Dio ha parlato a noi per mezzo del Figlio

Schema della Lettera agli Ebrei
La lettera agli Ebrei è stata scritta da un autore anonimo. Nella storia del cristianesimo si è tentato di associarla ad una presunta paternità di Paolo, Barnaba, Sila, Apollo, Luca, Priscilla, Filippo, Aquila e Clemente di Roma, pur senza raggiungere mai argomentazioni sufficientemente conclusive per nessuno di essi. In ogni caso, come disse Girolamo scrivendo al patrizio Claudieno Postumo Dardano, non ha importanza chi ne sia l'autore, dal momento che è opera di un uomo di chiesa e serve nelle letture giornaliere delle chiese. Clemente (morto il 100 d.C.) è il primo a citarla, nella sua lettera ai Corinzi, assicurando con questa testimonianza la prova di una redazione antecedente al 100. L'utilizzo del tempo presente in molti brani relativi agli elementi rituali del culto nel tempio di Gerusalemme porterebbe la sua redazione ad un periodo precedente al 70 d.C., anno in cui quest'ultimo fu distrutto. Viene quindi comunemente accettata una datazione compresa tra il 67 ed il 69 d.C.

L'autore dà per scontata una buona conoscenza del libro del Levitico, che utilizza ampiamente alla luce del Vangelo proprio per supportare la superiorità del Nuovo Patto in Cristo Gesù. Pur non essendoci un chiaro riferimento ai destinatari dell'epistola, fin dal II secolo essa è conosciuta con il nome "agli Ebrei", proprio per il tipo di tematica trattata, affrontata coinvolgendo in larga parte la tradizione ebraica e l'Antico Testamento. 


Frammento del Papiro 46
Dio, dopo aver parlato anticamente molte volte e in molte maniere ai padri per mezzo dei profeti, in questi ultimi giorni ha parlato a noi per mezzo del Figlio, che egli ha costituito erede di tutte le cose, mediante il quale ha pure creato i mondi.

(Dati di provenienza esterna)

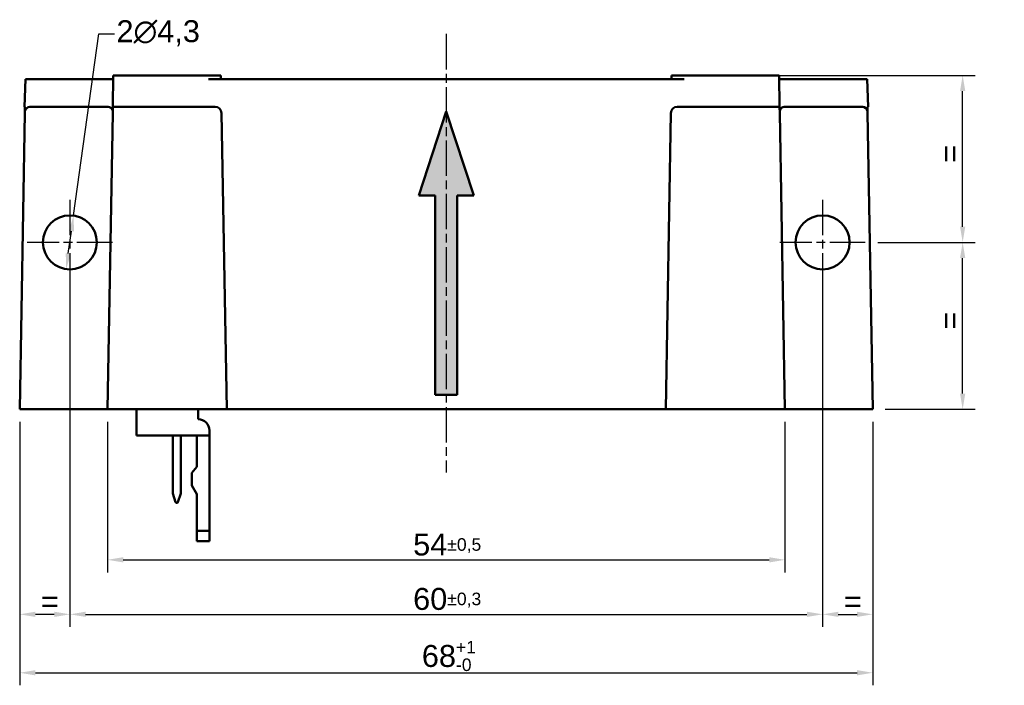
# Model space of a CAD drawing. Header units: millimetres. Extents: x 11 to 160, y 13 to 142.
# Tile 1 of 5: x 16 to 95, y 13 to 66. Entities that reach past the tile are written whole.
import ezdxf

# ---------------------------------------------------------------- set-up
doc = ezdxf.new("R2010")
doc.units = ezdxf.units.MM
doc.header["$LTSCALE"] = 0.5
doc.linetypes.add('CHAIN', pattern=[0.3543, 0.2362, -0.0295, 0.0591, -0.0295])
doc.linetypes.add('LONG_DASH_DOTTED', pattern=[0.3001, 0.2362, -0.0295, 0.0049, -0.0295])
for name, color, linetype, lineweight in [('Arêtes visibles(GABARIT)', 7, 'Continuous', 50), ('Cotes(GABARIT)', 7, 'Continuous', 25), ("Géométrie d'esquisse(GABARIT)", 7, 'Continuous', 50), ('Hachures', 179, 'Continuous', 9), ('Ligne de centre(GABARIT)', 7, 'LONG_DASH_DOTTED', 25), ('Marque de centre(GABARIT)', 7, 'LONG_DASH_DOTTED', 25)]:
    doc.layers.add(name, color=color, linetype=linetype, lineweight=lineweight)
doc.styles.add('Courant-BSI', font='arial.ttf')
doc.dimstyles.new('MS-Relais', dxfattribs={"dimscale": 0.5, "dimtxt": 3.5, "dimasz": 2.5, "dimexe": 2, "dimexo": 2, "dimgap": 0.3, "dimtad": 1, "dimtoh": 1, "dimrnd": 1e-08, "dimtxsty": 'Courant-BSI', "dimcen": 0.09, "dimdle": 6, "dimclrd": 7, "dimclre": 7, "dimclrt": 7, "dimazin": 2, "dimtfac": 0.571429, "dimtmove": 0, "dimatfit": 3, "dimfxl": 1, "dimtolj": 1, "dimlwd": 25, "dimlwe": 25, "dimarcsym": 0})

# ---------------------------------------------------------------- blocks, each defined once
blk = doc.blocks.new('*D16')
at = {"layer": 'Cotes(GABARIT)', "color": 7, "linetype": 'Continuous', "lineweight": 25}
for p, q in [((16.41, 33.668), (16.41, 12.668)), ((84.41, 33.668), (84.41, 12.668)), ((17.66, 13.668), (83.16, 13.668))]:
    blk.add_line(p, q, dxfattribs=at)
at = {"layer": 'Cotes(GABARIT)', "color": 7, "linetype": 'Continuous'}
for points in [[(17.66, 13.877), (17.66, 13.46), (16.41, 13.668)], [(83.16, 13.877), (83.16, 13.46), (84.41, 13.668)]]:
    blk.add_solid(points, dxfattribs=at)
at = {"layer": 'Defpoints', "color": 0, "linetype": 'Continuous'}
for p in [(16.41, 34.668), (84.41, 34.668), (84.41, 13.668)]:
    blk.add_point(p, dxfattribs=at)
at = {"layer": 'Cotes(GABARIT)', "color": 7, "linetype": 'Continuous', "lineweight": 25, "insert": (48.468, 16.207), "char_height": 1.75, "attachment_point": 1, "style": 'Courant-BSI'}
blk.add_mtext('\\A1;68{\\H1.000000;\\S+1^ -0;}', dxfattribs=at)
blk = doc.blocks.new('*D17')
at = {"layer": 'Cotes(GABARIT)', "color": 7, "linetype": 'Continuous', "lineweight": 25}
for p, q in [((20.41, 44.818), (20.41, 17.324)), ((80.41, 43.568), (80.41, 17.324)), ((21.66, 18.324), (79.16, 18.324))]:
    blk.add_line(p, q, dxfattribs=at)
at = {"layer": 'Cotes(GABARIT)', "color": 7, "linetype": 'Continuous'}
for points in [[(21.66, 18.533), (21.66, 18.116), (20.41, 18.324)], [(79.16, 18.533), (79.16, 18.116), (80.41, 18.324)]]:
    blk.add_solid(points, dxfattribs=at)
at = {"layer": 'Defpoints', "color": 0, "linetype": 'Continuous'}
for p in [(20.41, 45.818), (80.41, 44.568), (80.41, 18.324)]:
    blk.add_point(p, dxfattribs=at)
at = {"layer": 'Cotes(GABARIT)', "color": 7, "linetype": 'Continuous', "lineweight": 25, "insert": (47.774, 20.429), "char_height": 1.75, "attachment_point": 1, "style": 'Courant-BSI'}
blk.add_mtext('\\A1;60{\\H1.000000;±0,3}', dxfattribs=at)
blk = doc.blocks.new('*D18')
at = {"layer": 'Cotes(GABARIT)', "color": 7, "linetype": 'Continuous', "lineweight": 25}
for p, q in [((23.41, 33.668), (23.41, 21.668)), ((77.41, 33.668), (77.41, 21.668)), ((24.66, 22.668), (76.16, 22.668))]:
    blk.add_line(p, q, dxfattribs=at)
at = {"layer": 'Cotes(GABARIT)', "color": 7, "linetype": 'Continuous'}
for points in [[(24.66, 22.877), (24.66, 22.46), (23.41, 22.668)], [(76.16, 22.877), (76.16, 22.46), (77.41, 22.668)]]:
    blk.add_solid(points, dxfattribs=at)
at = {"layer": 'Defpoints', "color": 0, "linetype": 'Continuous'}
for p in [(23.41, 34.668), (77.41, 34.668), (77.41, 22.668)]:
    blk.add_point(p, dxfattribs=at)
at = {"layer": 'Cotes(GABARIT)', "color": 7, "linetype": 'Continuous', "lineweight": 25, "insert": (47.775, 24.766), "char_height": 1.75, "attachment_point": 1, "style": 'Courant-BSI'}
blk.add_mtext('\\A1;54{\\H1.000000;±0,5}', dxfattribs=at)
blk = doc.blocks.new('*D28')
at = {"layer": 'Cotes(GABARIT)', "color": 7, "linetype": 'Continuous', "lineweight": 25}
for p, q in [((73.947, 61.268), (92.577, 61.268)), ((91.577, 49.218), (91.577, 60.018)), ((84.81, 47.968), (92.577, 47.968))]:
    blk.add_line(p, q, dxfattribs=at)
at = {"layer": 'Cotes(GABARIT)', "color": 7, "linetype": 'Continuous'}
for points in [[(91.369, 60.018), (91.786, 60.018), (91.577, 61.268)], [(91.369, 49.218), (91.786, 49.218), (91.577, 47.968)]]:
    blk.add_solid(points, dxfattribs=at)
at = {"layer": 'Defpoints', "color": 0, "linetype": 'Continuous'}
for p in [(72.947, 61.268), (91.577, 61.268), (83.81, 47.968)]:
    blk.add_point(p, dxfattribs=at)
at = {"layer": 'Cotes(GABARIT)', "color": 7, "linetype": 'Continuous', "lineweight": 25, "insert": (89.677, 53.633), "char_height": 1.75, "attachment_point": 1, "rotation": 90, "style": 'Courant-BSI'}
blk.add_mtext('\\A1; =', dxfattribs=at)
blk = doc.blocks.new('*D29')
at = {"layer": 'Cotes(GABARIT)', "color": 7, "linetype": 'Continuous', "lineweight": 25}
for p, q in [((84.81, 47.968), (92.577, 47.968)), ((91.577, 35.918), (91.577, 46.718)), ((85.41, 34.668), (92.577, 34.668))]:
    blk.add_line(p, q, dxfattribs=at)
at = {"layer": 'Cotes(GABARIT)', "color": 7, "linetype": 'Continuous'}
for points in [[(91.369, 46.718), (91.786, 46.718), (91.577, 47.968)], [(91.369, 35.918), (91.786, 35.918), (91.577, 34.668)]]:
    blk.add_solid(points, dxfattribs=at)
at = {"layer": 'Defpoints', "color": 0, "linetype": 'Continuous'}
for p in [(83.81, 47.968), (91.577, 47.968), (84.41, 34.668)]:
    blk.add_point(p, dxfattribs=at)
at = {"layer": 'Cotes(GABARIT)', "color": 7, "linetype": 'Continuous', "lineweight": 25, "insert": (89.677, 40.333), "char_height": 1.75, "attachment_point": 1, "rotation": 90, "style": 'Courant-BSI'}
blk.add_mtext('\\A1; =', dxfattribs=at)
blk = doc.blocks.new('*D31')
at = {"layer": 'Cotes(GABARIT)', "color": 7, "linetype": 'Continuous', "lineweight": 25}
for p, q in [((20.41, 46.968), (20.41, 17.324)), ((16.41, 33.668), (16.41, 17.324)), ((19.16, 18.324), (17.66, 18.324))]:
    blk.add_line(p, q, dxfattribs=at)
at = {"layer": 'Cotes(GABARIT)', "color": 7, "linetype": 'Continuous'}
for points in [[(17.66, 18.533), (17.66, 18.116), (16.41, 18.324)], [(19.16, 18.533), (19.16, 18.116), (20.41, 18.324)]]:
    blk.add_solid(points, dxfattribs=at)
at = {"layer": 'Defpoints', "color": 0, "linetype": 'Continuous'}
for p in [(20.41, 47.968), (16.41, 34.668), (16.41, 18.324)]:
    blk.add_point(p, dxfattribs=at)
at = {"layer": 'Cotes(GABARIT)', "color": 7, "linetype": 'Continuous', "lineweight": 25, "insert": (17.425, 20.224), "char_height": 1.75, "attachment_point": 1, "style": 'Courant-BSI'}
blk.add_mtext('\\A1; =', dxfattribs=at)
blk = doc.blocks.new('*D32')
at = {"layer": 'Cotes(GABARIT)', "color": 7, "linetype": 'Continuous', "lineweight": 25}
for p, q in [((80.41, 46.968), (80.41, 17.324)), ((84.41, 33.668), (84.41, 17.324)), ((81.66, 18.324), (83.16, 18.324))]:
    blk.add_line(p, q, dxfattribs=at)
at = {"layer": 'Cotes(GABARIT)', "color": 7, "linetype": 'Continuous'}
for points in [[(81.66, 18.533), (81.66, 18.116), (80.41, 18.324)], [(83.16, 18.533), (83.16, 18.116), (84.41, 18.324)]]:
    blk.add_solid(points, dxfattribs=at)
at = {"layer": 'Defpoints', "color": 0, "linetype": 'Continuous'}
for p in [(80.41, 47.968), (84.41, 34.668), (84.41, 18.324)]:
    blk.add_point(p, dxfattribs=at)
at = {"layer": 'Cotes(GABARIT)', "color": 7, "linetype": 'Continuous', "lineweight": 25, "insert": (81.425, 20.224), "char_height": 1.75, "attachment_point": 1, "style": 'Courant-BSI'}
blk.add_mtext('\\A1; =', dxfattribs=at)
blk = doc.blocks.new('*D34')
at = {"layer": 'Cotes(GABARIT)', "color": 7, "linetype": 'Continuous', "lineweight": 25}
for p, q in [((20.707, 50.098), (22.725, 64.592)), ((22.725, 64.592), (23.975, 64.592)), ((20.286, 47.077), (20.535, 48.86))]:
    blk.add_line(p, q, dxfattribs=at)
at = {"layer": 'Cotes(GABARIT)', "color": 7, "linetype": 'Continuous'}
for points in [[(20.328, 48.888), (20.741, 48.831), (20.707, 50.098)], [(20.08, 47.106), (20.493, 47.048), (20.114, 45.839)]]:
    blk.add_solid(points, dxfattribs=at)
at = {"layer": 'Defpoints', "color": 0, "linetype": 'Continuous'}
for p in [(20.707, 50.098), (20.114, 45.839)]:
    blk.add_point(p, dxfattribs=at)
at = {"layer": 'Cotes(GABARIT)', "color": 7, "linetype": 'Continuous', "lineweight": 25, "insert": (24.125, 65.672), "char_height": 1.75, "attachment_point": 1, "style": 'Courant-BSI'}
blk.add_mtext('\\A1;{2}∅4,3', dxfattribs=at)
blk = doc.blocks.new('Sens du courant')
at = {"layer": 'Hachures'}
blk.add_hatch(color=7, dxfattribs=at).paths.add_polyline_path([(-1, -12.859), (-1, 5.222), (-2.5, 5.222), (0, 12.859), (2.5, 5.222), (1, 5.222), (1, -12.859)])
at = {"layer": "Géométrie d'esquisse(GABARIT)"}
for p, q in [((-2.5, 5.222), (0, 12.859)), ((2.5, 5.222), (0, 12.859)), ((-1, 5.222), (-2.5, 5.222)), ((-1, -12.859), (-1, 5.222)), ((1, -12.859), (1, 5.222)), ((1, 5.222), (2.5, 5.222)), ((1, -12.859), (-1, -12.859))]:
    blk.add_line(p, q, dxfattribs=at)

msp = doc.modelspace()

# ---------------------------------------------------------------- linework, layer by layer
at = {"layer": 'Arêtes visibles(GABARIT)', "linetype": 'Continuous', "lineweight": 50}
for p, q in [((23.8748, 61.2683), (23.8311, 58.7683)), ((23.8748, 61.2683), (27.8742, 61.2683)), ((31.4463, 61.2683), (27.8742, 61.2683)), ((31.4463, 61.2683), (32.4462, 61.2683)), ((32.4514, 60.9683), (32.4462, 61.2683)), ((68.3748, 61.2683), (68.3695, 60.9683)), ((68.3748, 61.2683), (69.3746, 61.2683)), ((72.9468, 61.2683), (69.3746, 61.2683)), ((72.9468, 61.2683), (76.9462, 61.2683)), ((76.9898, 58.7683), (76.9462, 61.2683)), ((16.8639, 60.9683), (16.7845, 58.7683)), ((23.8695, 60.9683), (16.8639, 60.9683)), ((31.4515, 60.9683), (69.3694, 60.9683)), ((83.957, 60.9683), (76.9514, 60.9683)), ((83.957, 60.9683), (84.0364, 58.7683)), ((16.4105, 34.6683), (16.8226, 58.277)), ((16.7845, 58.7683), (16.8311, 58.7683)), ((16.8252, 58.4272), (16.8226, 58.277)), ((16.8252, 58.4272), (16.8311, 58.7683)), ((17.2084, 58.7683), (23.4644, 58.7683)), ((23.4105, 34.6683), (23.8226, 58.277)), ((23.8311, 58.7683), (23.8226, 58.277)), ((27.8305, 58.7683), (23.8311, 58.7683)), ((27.8305, 58.7683), (31.9984, 58.7683)), ((32.4984, 58.277), (32.9105, 34.6683)), ((67.9105, 34.6683), (68.3226, 58.277)), ((68.8225, 58.7683), (72.9904, 58.7683)), ((76.9898, 58.7683), (72.9904, 58.7683)), ((76.9984, 58.277), (76.9898, 58.7683)), ((76.9984, 58.277), (77.4105, 34.6683)), ((77.3565, 58.7683), (83.6126, 58.7683)), ((83.9958, 58.4272), (83.9898, 58.7683)), ((83.9898, 58.7683), (84.0364, 58.7683)), ((83.9984, 58.277), (83.9958, 58.4272)), ((83.9984, 58.277), (84.4105, 34.6683)), ((23.2163, 34.6683), (16.4105, 34.6683)), ((23.4105, 34.6683), (23.2163, 34.6683)), ((28.4105, 34.6683), (23.4105, 34.6683)), ((25.7336, 32.5683), (25.7336, 34.6683)), ((32.9105, 34.6683), (28.4105, 34.6683)), ((30.6336, 34.6683), (30.6336, 33.8683)), ((32.9105, 34.6683), (67.9105, 34.6683)), ((72.4105, 34.6683), (67.9105, 34.6683)), ((77.4105, 34.6683), (72.4105, 34.6683)), ((77.6047, 34.6683), (77.4105, 34.6683)), ((84.4105, 34.6683), (77.6047, 34.6683)), ((31.5336, 32.9683), (31.5336, 32.5683)), ((31.5336, 32.5683), (25.7336, 32.5683)), ((28.6161, 32.5683), (28.6161, 27.9838)), ((29.2511, 27.9838), (29.2511, 32.5683)), ((30.5336, 32.5683), (30.5336, 30.0683)), ((31.5336, 32.5683), (31.5336, 24.9683)), ((30.1336, 29.5916), (30.5336, 30.0683)), ((30.1336, 29.5916), (30.1336, 28.5916)), ((30.5336, 27.8988), (30.1336, 28.5916)), ((28.6208, 27.9535), (28.8383, 27.2685)), ((29.0289, 27.2685), (29.2464, 27.9535)), ((30.5336, 27.8988), (30.5336, 24.9683)), ((30.5336, 24.9683), (30.5336, 24.1683)), ((31.5336, 24.9683), (30.5336, 24.9683)), ((31.5336, 24.9683), (31.5336, 24.1683)), ((30.5336, 24.1683), (31.5336, 24.1683))]:
    msp.add_line(p, q, dxfattribs=at)
at = {"layer": 'Arêtes visibles(GABARIT)', "linetype": 'Continuous', "lineweight": 50, "flags": 128}
for points in [[(23.8229, 58.297), (23.8229, 58.2963), (23.8229, 58.2956), (23.8229, 58.2949), (23.8228, 58.2942), (23.8228, 58.2935), (23.8228, 58.2928), (23.8228, 58.2921), (23.8228, 58.2914), (23.8228, 58.2907), (23.8228, 58.29), (23.8227, 58.2893), (23.8227, 58.2886), (23.8227, 58.2879), (23.8227, 58.2872), (23.8227, 58.2865), (23.8227, 58.2857), (23.8227, 58.285), (23.8227, 58.2843), (23.8226, 58.2836), (23.8226, 58.2829), (23.8226, 58.2822), (23.8226, 58.2815), (23.8226, 58.2808), (23.8226, 58.2801)], [(76.998, 58.297), (76.998, 58.2963), (76.9981, 58.2956), (76.9981, 58.2949), (76.9981, 58.2942), (76.9981, 58.2935), (76.9981, 58.2928), (76.9981, 58.2921), (76.9982, 58.2914), (76.9982, 58.2907), (76.9982, 58.29), (76.9982, 58.2893), (76.9982, 58.2886), (76.9982, 58.2879), (76.9982, 58.2872), (76.9982, 58.2865), (76.9982, 58.2857), (76.9983, 58.285), (76.9983, 58.2843), (76.9983, 58.2836), (76.9983, 58.2829), (76.9983, 58.2822), (76.9983, 58.2815), (76.9983, 58.2808), (76.9983, 58.2801)]]:
    msp.add_lwpolyline(points, dxfattribs=at)
at = {"layer": 'Arêtes visibles(GABARIT)', "linetype": 'Continuous', "lineweight": 50}
for centre in [(20.4105, 47.9683), (80.4105, 47.9683)]:
    msp.add_circle(centre, 2.15, dxfattribs=at)
for centre, radius, start, end in [((31.9984, 58.2683), 0.5, 1, 90), ((68.8225, 58.2683), 0.5, 90, 179), ((30.6336, 32.9683), 0.9, 0, 90), ((28.7161, 27.9838), 0.1, 180, 197.614643), ((29.1511, 27.9838), 0.1, 342.385357, 0), ((28.9336, 27.2988), 0.1, 197.614643, 342.385357)]:
    msp.add_arc(centre, radius, start, end, dxfattribs=at)
for centre, major_axis, start_param, end_param in [((17.1972, 58.2683), (-0.0298, -0.4994), 3.1887699, 4.4361956), ((23.4533, 58.2683), (0.0298, 0.4994), 5.1369242, 6.3303626), ((77.3677, 58.2683), (0.0298, -0.4994), 3.0944154, 4.2878537), ((83.6237, 58.2683), (-0.0298, 0.4994), 4.9885823, 6.236008)]:
    msp.add_ellipse(centre, major_axis=major_axis, ratio=0.7911896, start_param=start_param, end_param=end_param, dxfattribs=at)
at = {"layer": 'Ligne de centre(GABARIT)', "linetype": 'CHAIN', "ltscale": 23.990969}
msp.add_line((50.4105, 64.5902), (50.4105, 29.6249), dxfattribs=at)
at = {"layer": 'Marque de centre(GABARIT)', "linetype": 'CHAIN', "ltscale": 23.990969}
for p, q in [((20.4105, 51.3683), (20.4105, 44.5683)), ((80.4105, 51.3683), (80.4105, 44.5683)), ((23.8105, 47.9683), (17.0105, 47.9683)), ((83.8105, 47.9683), (77.0105, 47.9683))]:
    msp.add_line(p, q, dxfattribs=at)

# ---------------------------------------------------------------- block references
at = {"xscale": 0.8786093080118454, "yscale": 0.8786093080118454, "zscale": 0.8786093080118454}
msp.add_blockref('Sens du courant', (50.4105, 47.1075), dxfattribs=at)

# ---------------------------------------------------------------- dimensions: what is measured, and where the dimension line sits
at = {"layer": 'Cotes(GABARIT)', "color": 7, "linetype": 'Continuous', "lineweight": 25}
dim = msp.add_diameter_dim_2p(p1=(20.114, 45.8389), p2=(20.707, 50.0978), text='{2}<>', dimstyle='MS-Relais', override={"dimtad": 0, "dimtih": 1, "dimdec": 2, "dimlfac": 1, "dimtp": 0, "dimtm": 0, "dimtdec": 2, "dimatfit": 2}, dxfattribs=at)
dim.commit()
dim.dimension.update_dxf_attribs({"geometry": '*D34', "text_midpoint": (27.3638, 64.5918), "dimtype": 163})
for base, p1, p2, angle, picture, middle in [((91.5774, 61.2683), (83.8105, 47.9683), (72.9468, 61.2683), 90, '*D28', (91.5774, 54.6183)), ((16.4105, 18.3244), (20.4105, 47.9683), (16.4105, 34.6683), 180, '*D31', (18.4105, 18.3244)), ((84.4105, 18.3244), (80.4105, 47.9683), (84.4105, 34.6683), 180, '*D32', (82.4105, 18.3244)), ((91.5774, 47.9683), (84.4105, 34.6683), (83.8105, 47.9683), 90, '*D29', (91.5774, 41.3183))]:
    dim = msp.add_linear_dim(base=base, p1=p1, p2=p2, angle=angle, text=' =', dimstyle='MS-Relais', override={"dimtoh": 0, "dimdec": 2, "dimtp": 0, "dimtm": 0, "dimtdec": 2, "dimtofl": 0, "dimatfit": 1}, dxfattribs=at)
    dim.commit()
    dim.dimension.update_dxf_attribs({"geometry": picture, "text_midpoint": middle, "dimtype": 160})
for base, p1, p2, override, picture, middle in [((80.4105, 18.3244), (20.4105, 45.8183), (80.4105, 44.5683), {"dimgap": 0.3, "dimtoh": 0, "dimdec": 2, "dimtol": 1, "dimlim": 0, "dimtp": 0.3, "dimtm": 0.3, "dimtdec": 2, "dimtofl": 0, "dimatfit": 1}, '*D17', (50.4105, 18.3244)), ((84.4105, 13.6683), (16.4105, 34.6683), (84.4105, 34.6683), {"dimgap": 0.3, "dimtoh": 0, "dimdec": 2, "dimtol": 1, "dimlim": 0, "dimtp": 1, "dimtm": 1e-09, "dimtdec": 2, "dimtofl": 0, "dimatfit": 1}, '*D16', (50.4105, 13.6683)), ((77.4105, 22.6683), (23.4105, 34.6683), (77.4105, 34.6683), {"dimgap": 0.3, "dimtoh": 0, "dimdec": 2, "dimtol": 1, "dimlim": 0, "dimtp": 0.5, "dimtm": 0.5, "dimtdec": 2, "dimtofl": 0, "dimatfit": 1}, '*D18', (50.4105, 22.6683))]:
    dim = msp.add_linear_dim(base=base, p1=p1, p2=p2, angle=180, dimstyle='MS-Relais', override=override, dxfattribs=at)
    dim.commit()
    dim.dimension.update_dxf_attribs({"geometry": picture, "text_midpoint": middle, "dimtype": 160})

doc.saveas('drawing.dxf')

Egli, che è splendore della sua gloria e impronta della sua essenza, e che sostiene tutte le cose con la parola della sua potenza, dopo aver fatto la purificazione dei peccati, si è seduto alla destra della Maestà nei luoghi altissimi.
Lettera agli Ebrei 1:1-3 

Al contrario delle altre epistole (con qualche eccezione come 1 Giovanni), la lettera agli Ebrei non inizia con il nome del mittente, ma si apre direttamente con una prima frase. Dio (θεός - theos), da molte parti, per molte volte, e in molti modi (πολυμέρως - polumerōs) ha parlato anticamente (πάλαι - palai) ai padri per mezzo dei profeti. Una delle prime difficoltà che il cristianesimo dovette affrontare nel mondo greco romano, è stata quella di superare lo scetticismo di una società che associava l'autorità ed il valore di una filosofia o religione soltanto al grado di antichità. Se una religione pensava di avere un peso maggiore di altre, o addirittura pretendeva di essere l'unica vera, doveva per forza anche essere la più antica. Il cristianesimo invece sembrava essere una novità. Come novità, suscitava interesse (Atti 17:21), ma soltanto in modo superficiale, non avendo apparentemente le caratteristiche per competere con le più antiche tradizioni filosofiche. Nel corso del primo secolo, e dei secoli successivi, il pensiero cristiano comprese sempre meglio la sua identità in relazione con il giudaismo. Comprese di non essere né una setta ebraica (come volevano i giudeo cristiani), né una nuova religione che adorava un nuovo dio (come più tardi affermò Marcione), ma piuttosto la manifestazione di un Nuovo Patto con l'unico e vero Dio, lo stesso Dio dell'Antico Testamento che più volte parlò ai profeti in merito a questa nuova epoca. Ecco quindi la dimostrazione che il cristianesimo non era affatto una novità, ma anzi, derivava dall'antichissima religione giudaica, pur essendone una continuazione divergente. 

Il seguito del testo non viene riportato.